J. Bruce Fields July 17, 2020, 4:18 p.m. UTC | #3
On Fri, Jul 17, 2020 at 04:19:25PM +0100, David Howells wrote:
> J. Bruce Fields <bfields@fieldses.org> wrote:
> 
> > Say I had a hypothetical, err, friend, who hadn't been following that
> > FS-Cache work--could you summarize the advantages it bring us?
> 
> https://lore.kernel.org/linux-nfs/159465784033.1376674.18106463693989811037.stgit@warthog.procyon.org.uk/T/#t
> 
>  - Makes the caching code a lot simpler (~2400 LoC removed, ~1000 LoDoc[*]

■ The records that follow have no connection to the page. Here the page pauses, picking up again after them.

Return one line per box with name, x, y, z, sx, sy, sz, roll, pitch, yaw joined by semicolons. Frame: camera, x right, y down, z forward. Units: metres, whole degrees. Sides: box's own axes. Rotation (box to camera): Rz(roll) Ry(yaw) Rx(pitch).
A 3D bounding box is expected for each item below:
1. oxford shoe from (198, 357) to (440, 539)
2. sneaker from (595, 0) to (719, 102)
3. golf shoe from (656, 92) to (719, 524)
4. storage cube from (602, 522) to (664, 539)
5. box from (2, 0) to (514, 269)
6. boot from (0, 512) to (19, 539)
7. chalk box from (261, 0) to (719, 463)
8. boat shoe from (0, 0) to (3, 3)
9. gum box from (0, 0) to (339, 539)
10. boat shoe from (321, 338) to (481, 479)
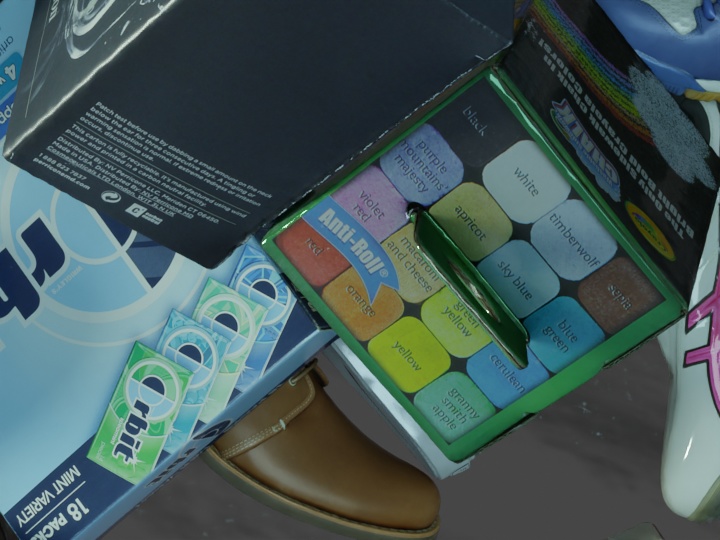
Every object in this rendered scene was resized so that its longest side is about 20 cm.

>    removed at the moment from fscache, cachefiles and afs).
> 
>  - Stops using bmap to work out what data is cached.  This isn't reliable with
>    modern extend-based filesystems.  A bitmap of cached granules is saved in
>    an xattr instead.
> 
>  - Uses async DIO (kiocbs) to do I/O to/from the cache rather than using
>    buffered writes (kernel_write) and pagecache snooping for read (don't ask).
> 
>    - A lot faster and less CPU intensive as there's no page-to-page copying.
> 
>    - A lot less VM pressure as it doesn't have duplicate pages in the backing
>      fs that aren't really accounted right.
> 
>  - Uses tmpfiles+link to better handle invalidation.  It will at some point
>    hopefully employ linkat(AT_LINK_REPLACE) to effect cut-over on disk rather
>    than unlink,link.

Thanks!--b.

> David
> 
> [*] The upstream docs got ReSTified, so the doc patches I have are now useless
>     and need reworking:-(.